Last night, I was supposed to see my friend ZW. He was flying in from California, but due to the weather his plane got diverted to Nebraska. It wasn’t his fault, but he still felt really bad. He even tried to make it up to me by sending me funny texts about what it was like to be a lone Jew in an Omaha biker bar. Entertaining stuff, but I was still pretty bummed. It was 10:00pm on a Friday night, and I had nothing to do. It’s times like that when I really miss having a boyfriend. At least, I do for a little while. Then I remind myself that if I had one, and he was anything like the other guys I’ve dated, I wouldn’t have been able to hang out with a male friend like ZW anyways. If I were still with The Ex, for example, that sort of thing never would have flied, simply because ZW and I had only recently reconnected.

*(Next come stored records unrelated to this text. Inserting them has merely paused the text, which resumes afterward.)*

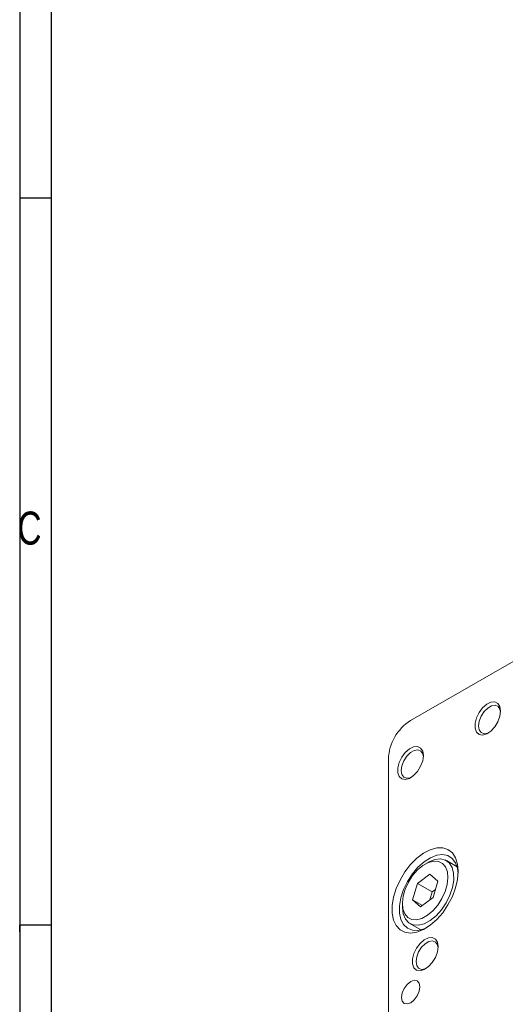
# Model space of a CAD drawing. Header units: millimetres. Extents: x 8 to 898, y 9 to 411.
# Tile 2 of 10: x 8 to 70, y 88 to 214. Entities that reach past the tile are written whole.
import ezdxf

# ---------------------------------------------------------------- set-up
doc = ezdxf.new("R2010")
doc.units = ezdxf.units.MM
doc.header["$LTSCALE"] = 2
doc.layers.add('FORMAT', color=7, linetype='Continuous')
doc.styles.add('SLDTEXTSTYLE2', font='TXT', dxfattribs={"width": 0.75})

msp = doc.modelspace()

# ---------------------------------------------------------------- linework, layer by layer
at = {"color": 7, "linetype": 'Continuous', "lineweight": 15}
for p, q in [((58.347668, 124.002228), (78.166567, 135.443435)), ((55.519242, 79.909292), (55.519242, 119.103249)), ((64.324751, 105.249305), (62.939371, 106.049068)), ((60.605693, 105.817722), (60.228625, 105.599975)), ((59.224814, 103.132391), (60.842101, 104.326908)), ((60.842101, 104.326908), (61.846397, 103.419737)), ((58.611809, 101.030694), (59.224814, 103.132391)), ((59.224814, 103.132391), (61.110432, 102.043847)), ((61.536979, 102.358892), (61.110432, 102.043847)), ((61.846397, 103.419737), (61.233399, 101.318043)), ((59.616105, 100.123522), (58.611809, 101.030694)), ((58.611809, 101.030694), (59.864915, 100.307292)), ((61.233399, 101.318043), (59.616105, 100.123522)), ((61.110432, 102.043847), (60.806848, 101.002996)), ((57.306395, 100.537972), (57.306395, 100.102554)), ((58.273083, 97.965945), (59.658463, 97.166182))]:
    msp.add_line(p, q, dxfattribs=at)
at = {"color": 7, "linetype": 'Continuous', "lineweight": 15, "flags": 128}
for points in [[(69.897081, 125.225958), (69.807684, 125.792988), (69.54918, 126.195354), (69.149582, 126.389458), (68.652193, 126.354261), (68.110915, 126.093581), (67.584403, 125.635665), (67.129708, 125.030134), (66.796109, 124.34261), (66.619752, 123.647591), (66.619752, 123.0204), (66.796109, 122.529), (67.129708, 122.22664), (67.584403, 122.146089), (68.110915, 122.296071), (68.652193, 122.660337), (69.149582, 123.199414), (69.54918, 123.854882), (69.807684, 124.555712), (69.897081, 125.225958)], [(69.892536, 125.082016), (69.811793, 125.463133), (69.566217, 125.812543), (69.189972, 125.959906), (68.728443, 125.887454), (68.237288, 125.603916), (67.775759, 125.143498), (67.399514, 124.561732), (67.153939, 123.928787), (67.068655, 123.321006), (67.153939, 122.811692), (67.399514, 122.462282), (67.775759, 122.314919), (68.237288, 122.387372), (68.369812, 122.444293)], [(59.997583, 119.5111), (59.90819, 120.078132), (59.649682, 120.480496), (59.250088, 120.674601), (58.752699, 120.639405), (58.211421, 120.378725), (57.684909, 119.920809), (57.230214, 119.315278), (56.896608, 118.627749), (56.720259, 117.932735), (56.720259, 117.305544), (56.896608, 116.81414), (57.230214, 116.511784), (57.684909, 116.431232), (58.211421, 116.581215), (58.752699, 116.945481), (59.250088, 117.484558), (59.649682, 118.140024), (59.90819, 118.840856), (59.997583, 119.5111)], [(59.993042, 119.36716), (59.912295, 119.748275), (59.66672, 120.097685), (59.290475, 120.245047), (58.828946, 120.172595), (58.337794, 119.88906), (57.876265, 119.428642), (57.50002, 118.846876), (57.254445, 118.213931), (57.169161, 117.60615), (57.254445, 117.096836), (57.50002, 116.747426), (57.876265, 116.600062), (58.337794, 116.672516), (58.470311, 116.729432)], [(64.471745, 104.674441), (64.384895, 105.610514), (64.127911, 106.407995), (63.711311, 107.034234), (63.152142, 107.463587), (62.47331, 107.678485), (61.702592, 107.67012), (60.871555, 107.438843), (60.014217, 106.994121), (59.165675, 106.354158), (58.36067, 105.545156), (57.632155, 104.600233), (57.009962, 103.558078), (56.519562, 102.461356), (56.181032, 101.354967), (56.00823, 100.284205), (56.00823, 99.292909), (56.181032, 98.42166), (56.519562, 97.70613), (57.009962, 97.175611), (57.632155, 96.851825), (58.36067, 96.748027), (59.165675, 96.868464), (60.014217, 97.208208), (60.871555, 97.753346), (61.702592, 98.481565), (62.47331, 99.363053), (63.152142, 100.361712), (63.711311, 101.436668), (64.127911, 102.543903), (64.384895, 103.638092), (64.471745, 104.674441)], [(64.464804, 104.39028), (64.383573, 105.015439), (64.12319, 105.75752), (63.702761, 106.321707), (63.141955, 106.681624), (62.466987, 106.820439), (61.709419, 106.73166), (60.904681, 106.419444), (60.09039, 105.898381), (59.304632, 105.192844), (58.584139, 104.335815), (57.962606, 103.367374), (57.469095, 102.332802), (57.126687, 101.280478), (56.951377, 100.259598), (56.951377, 99.317906), (57.126687, 98.499435), (57.469095, 97.842447), (57.962606, 97.377671), (58.584139, 97.126836), (59.304632, 97.101671), (60.09039, 97.303351), (60.472402, 97.474486)], [(60.605693, 105.817722), (60.724154, 105.883674), (61.481483, 106.186819), (62.191623, 106.264654), (62.816302, 106.11299), (63.321825, 105.739993), (63.680959, 105.165781), (63.874329, 104.421303), (63.891517, 103.546699), (63.731591, 102.589114), (63.403176, 101.600175), (62.92398, 100.633197), (62.319833, 99.740308), (61.6233, 98.969642), (60.871942, 98.36275), (60.10626, 97.95235), (59.367524, 97.760559), (59.367524, 97.760559)], [(59.131971, 98.463637), (58.515553, 98.501882), (57.99872, 98.756515), (57.61151, 99.212737), (57.376422, 99.844031), (57.307125, 100.613713), (57.407639, 101.477047), (57.672131, 102.383866), (58.085219, 103.28146), (58.622908, 104.117673), (59.253944, 104.843904), (59.941648, 105.417943), (60.646062, 105.806435), (61.326242, 105.986798), (61.942653, 105.948548), (62.459486, 105.693915), (62.846703, 105.237698), (63.081784, 104.6064), (63.151081, 103.836717), (63.050568, 102.973383), (62.786075, 102.066565), (62.372987, 101.16897), (61.835298, 100.332758), (61.204262, 99.606527), (60.516559, 99.032488), (59.812144, 98.643996), (59.131971, 98.463637)], [(59.367524, 97.760559), (58.695577, 97.797728), (58.126622, 98.061842), (57.691351, 98.538671), (57.413224, 99.202507), (57.307224, 100.017557), (57.306395, 100.102554)], [(61.883205, 95.0147), (61.793805, 95.581728), (61.535304, 95.984097), (61.135703, 96.178198), (60.638314, 96.143001), (60.097036, 95.882321), (59.570523, 95.424405), (59.115829, 94.818875), (58.78223, 94.13135), (58.605873, 93.436332), (58.605873, 92.809141), (58.78223, 92.31774), (59.115829, 92.015382), (59.570523, 91.934829), (60.097036, 92.084812), (60.638314, 92.449079), (61.135703, 92.988155), (61.535304, 93.643625), (61.793805, 94.344452), (61.883205, 95.0147)], [(61.878657, 94.870757), (61.797917, 95.251875), (61.552342, 95.601285), (61.176097, 95.748649), (60.714568, 95.676195), (60.223416, 95.392659), (59.76188, 94.932239), (59.385635, 94.350472), (59.14006, 93.717527), (59.054776, 93.109746), (59.14006, 92.600433), (59.385635, 92.251023), (59.76188, 92.103659), (60.223416, 92.176116), (60.355933, 92.233034)], [(59.563892, 89.865266), (59.474183, 90.334272), (59.218717, 90.628303), (58.836375, 90.702587), (58.385382, 90.545827), (57.934383, 90.181878), (57.552048, 89.666155), (57.296582, 89.077169), (57.206872, 88.504587), (57.296582, 88.03558), (57.552048, 87.741549), (57.934383, 87.667261), (58.385382, 87.824025), (58.836375, 88.18797), (59.218717, 88.703697), (59.474183, 89.292683), (59.563892, 89.865266)]]:
    msp.add_lwpolyline(points, dxfattribs=at)
at = {"color": 7, "linetype": 'Continuous', "lineweight": 15}
msp.add_arc((61.660091, 118.823815), 6.147204, 122.60541915, 177.39460124, dxfattribs=at)
at = {"layer": 'FORMAT'}
for p, q in [((8.26796, 411.263231), (8.26796, 9.263231)), ((12.301846, 406.803231), (12.301846, 9.263231)), ((12.301846, 190.997437), (8.26796, 190.997437)), ((8.26796, 96.929883), (8.26796, 97.784251)), ((12.301846, 97.784251), (8.26796, 97.784251))]:
    msp.add_line(p, q, dxfattribs=at)

# ---------------------------------------------------------------- texts
at = {"layer": 'FORMAT', "insert": (7.989654, 150.796932), "char_height": 4.233333, "attachment_point": 1, "style": 'SLDTEXTSTYLE2'}
msp.add_mtext('C', dxfattribs=at)

doc.saveas('drawing.dxf')

In relationships, when it comes to outside friends who happen to be members of the opposite sex, there seems to be a "grandfather clause” in effect. That means if one of you knew the person before you started dating each other, that’s okay, but there will still have to be an introduction, which is really more of an evaluation. As long as your friend isn’t hotter than your partner, and the two of you don’t give off a “we’ve totally fucked” vibe, then you’re generally allowed to keep hanging out with them.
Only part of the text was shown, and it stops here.